Reproduce the records below exactly; the images should not appear.

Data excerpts
BEGIN

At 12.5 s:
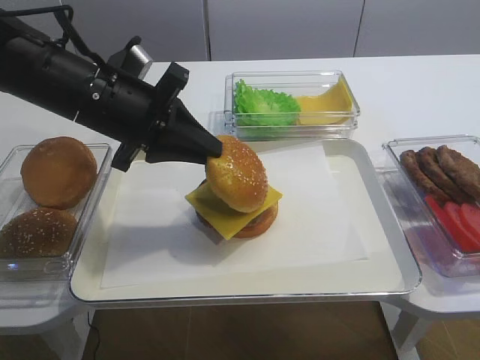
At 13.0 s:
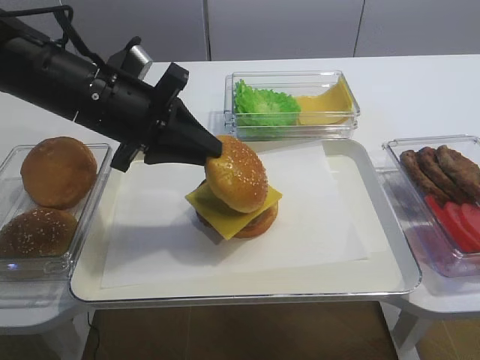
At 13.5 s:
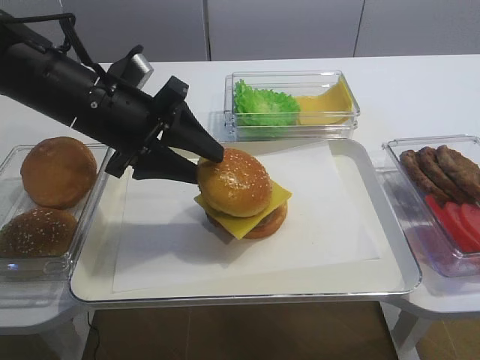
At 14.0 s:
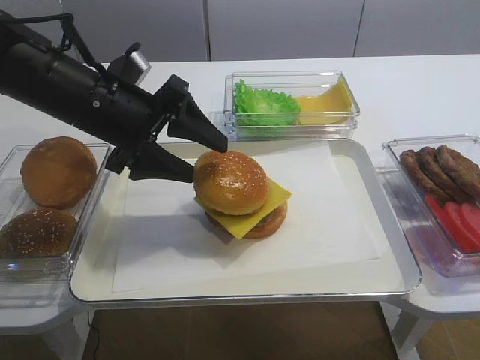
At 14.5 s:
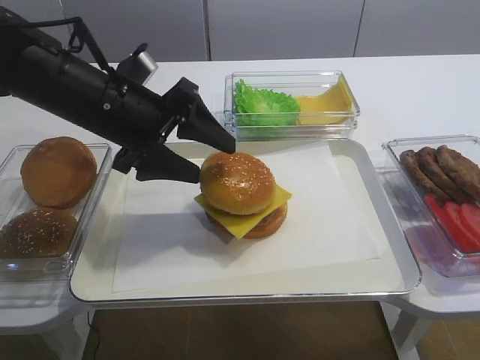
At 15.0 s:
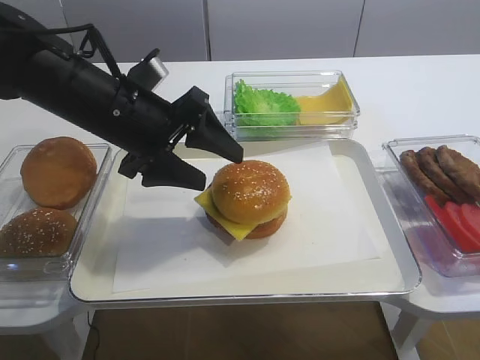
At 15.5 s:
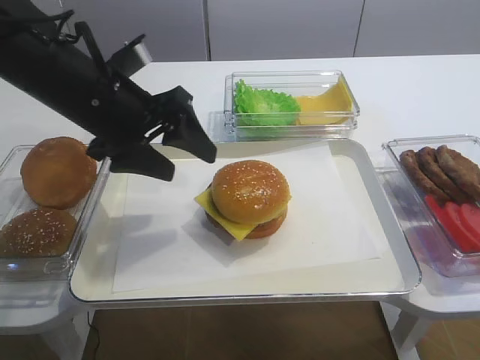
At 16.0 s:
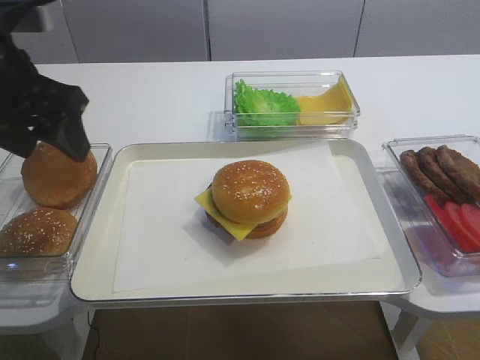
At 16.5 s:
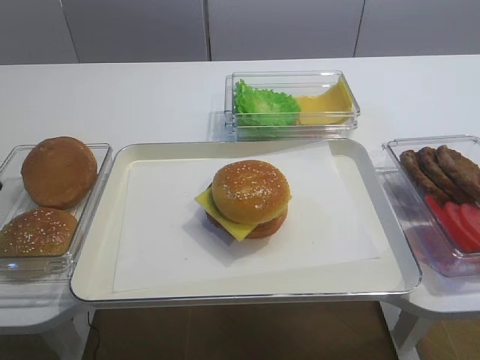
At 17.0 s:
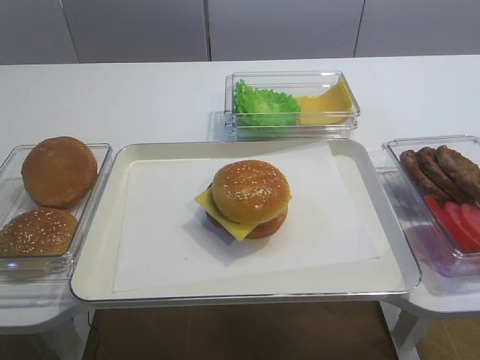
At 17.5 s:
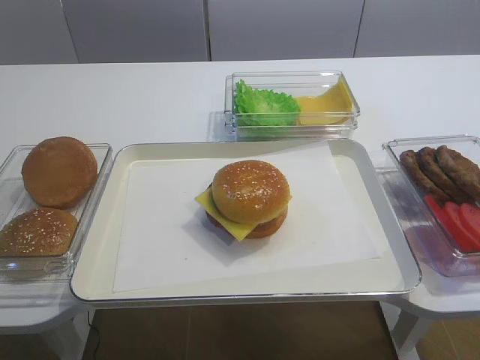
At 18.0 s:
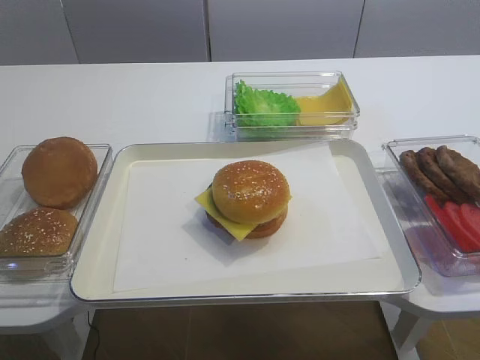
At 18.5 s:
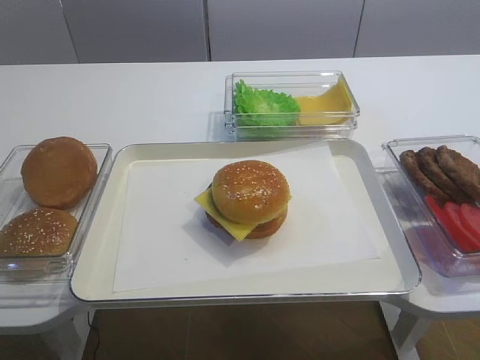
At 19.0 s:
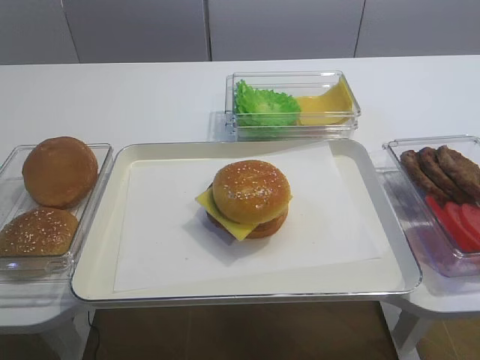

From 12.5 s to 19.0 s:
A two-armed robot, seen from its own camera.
Step, from 12.5 s to 15.0 s: Place the hamburger lid on the cheese slice with the left gripper.
From 12.5 s to 14.5 s: The left gripper opens up.
From 14.5 s to 17.0 s: The left gripper is displaced backward and to the left by about 30 cm.

END

- **Output below**
At 12.5 s:
At 13.0 s:
At 13.5 s:
At 14.0 s:
At 14.5 s:
At 15.0 s:
At 15.5 s:
At 16.0 s:
At 16.5 s:
At 17.0 s:
At 17.5 s:
At 18.0 s:
At 18.5 s:
At 19.0 s:

From 12.5 s to 19.0 s:
A two-armed robot, seen from its own camera.
Step, from 12.5 s to 15.0 s: Place the hamburger lid on the cheese slice with the left gripper.
From 12.5 s to 14.5 s: The left gripper opens up.
From 14.5 s to 17.0 s: The left gripper is displaced backward and to the left by about 30 cm.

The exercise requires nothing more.